Average food, so-so scene and bad bathroom location at Canelli's — but hey, it beats delivery
By CRYSTAL PETROCELLI
Get Out
Wait: We opened the glass door of the bustling, month-old Canelli’s Pizzeria just after 8 p.m. on a Saturday and seated ourselves.
Service: Surprisingly, our waitress was at the top of her game when the restaurant was busiest. Once a few tables cleared out and things mellowed a bit, she started slacking on refills, and we sat with crumpled napkins on our plates for a good 10 minutes before finally asking for the check.
Meal: It’s a super-casual, quick-bite place, but I was still irritated when we got our pizza before our wings and undercooked breadsticks. I ordered those starters in hopes of keeping my guests from gnawing on the table, but the late delivery rendered them useless. The hefty hot wings were crunchy, with a big kick, and we managed to polish them off between slices of our not-so-thin Neapolitan pizza (they also serve a not-so-thick Sicilian). Our small Monster Pie had an even coating of fresh, flavorful ingredients, although our slices were a little flimsy. The fry-bread-like calzone was an unexpected and unappetizing twist on the Italian classic. Inside its nontraditional, faintly sweet, deep-fried dough was a bunch of ricotta cheese and a light sprinkling of sausage, meatballs, mushrooms, pepperoni and green peppers. No sign of my must-have calzone companion, Mr. Mozzarella. The baked ziti lacked any zest (the marinara reminded me of the pizza sauce) and wasn’t baked long enough to crisp the cheese on top. But at $6.75 with bread and a small salad, one can’t expect much.

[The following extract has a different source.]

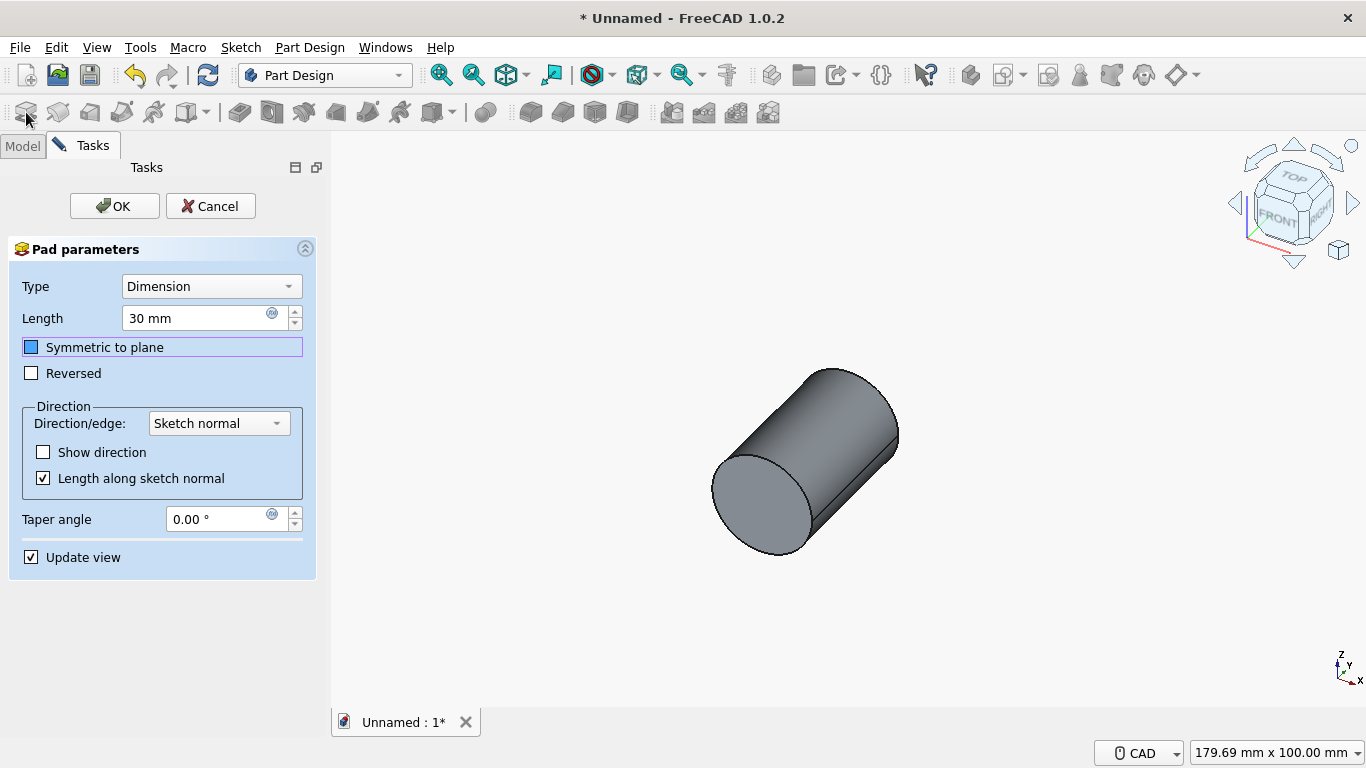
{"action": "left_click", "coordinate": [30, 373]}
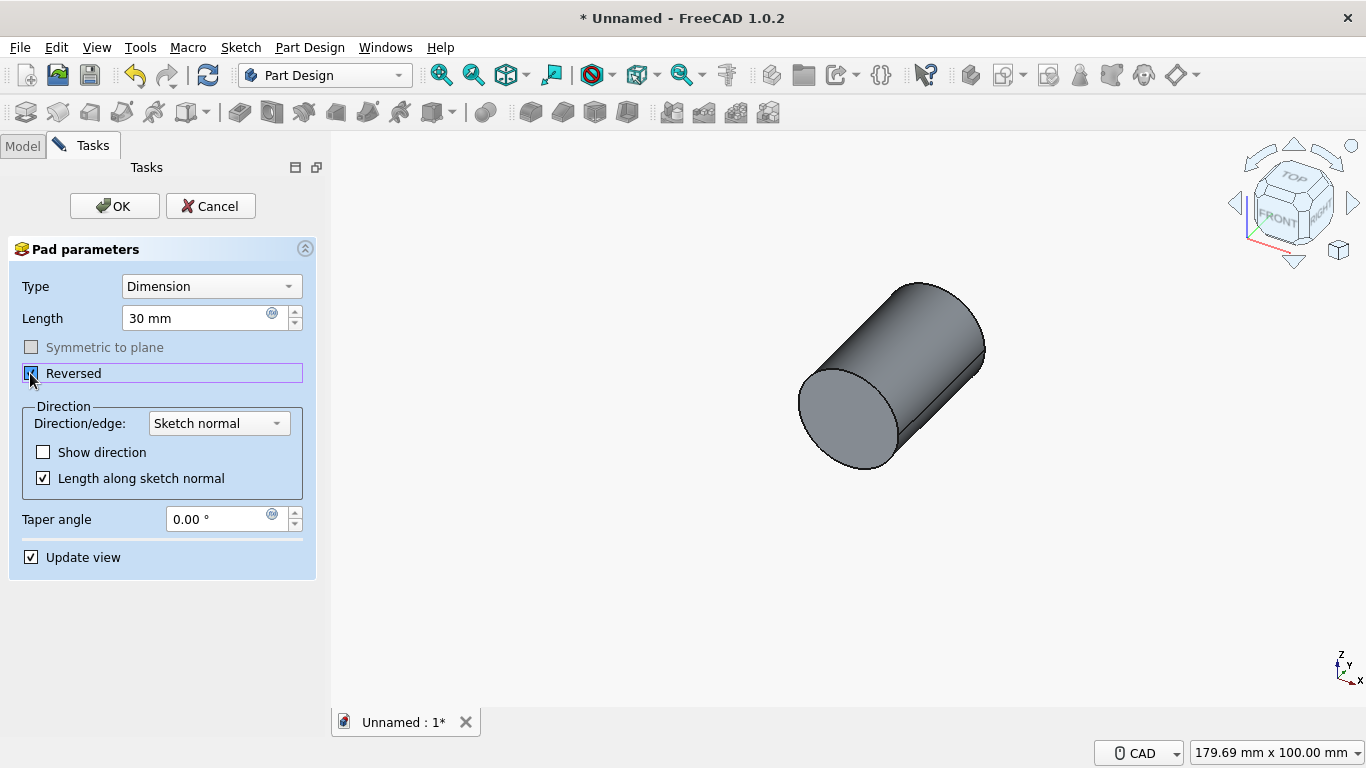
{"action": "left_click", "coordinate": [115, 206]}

Scene: Big with the families, this small dining space can get pretty chaotic and loud thanks to a thriving delivery service. Wrought iron and European artwork dot the soft peach walls.
Bathroom break: I had to snake my way through a handful of delivery kids to get into the women’s private restroom. These guys need to find another waiting spot — one was literally blocking me from opening the door to get out.
Tab for four: $54 with tip and tax for a dozen hot wings ($5.50), herb breadsticks ($2.25), two small dinner salads ($2.75 each), small thin-crust Monster Pie ($14.25), special calzone ($7.25), baked ziti ($6.75) and a large soda ($1.65).
If work weren’t buying: I’d dial-up Canelli’s for pizza and wings over any of the delivery chains.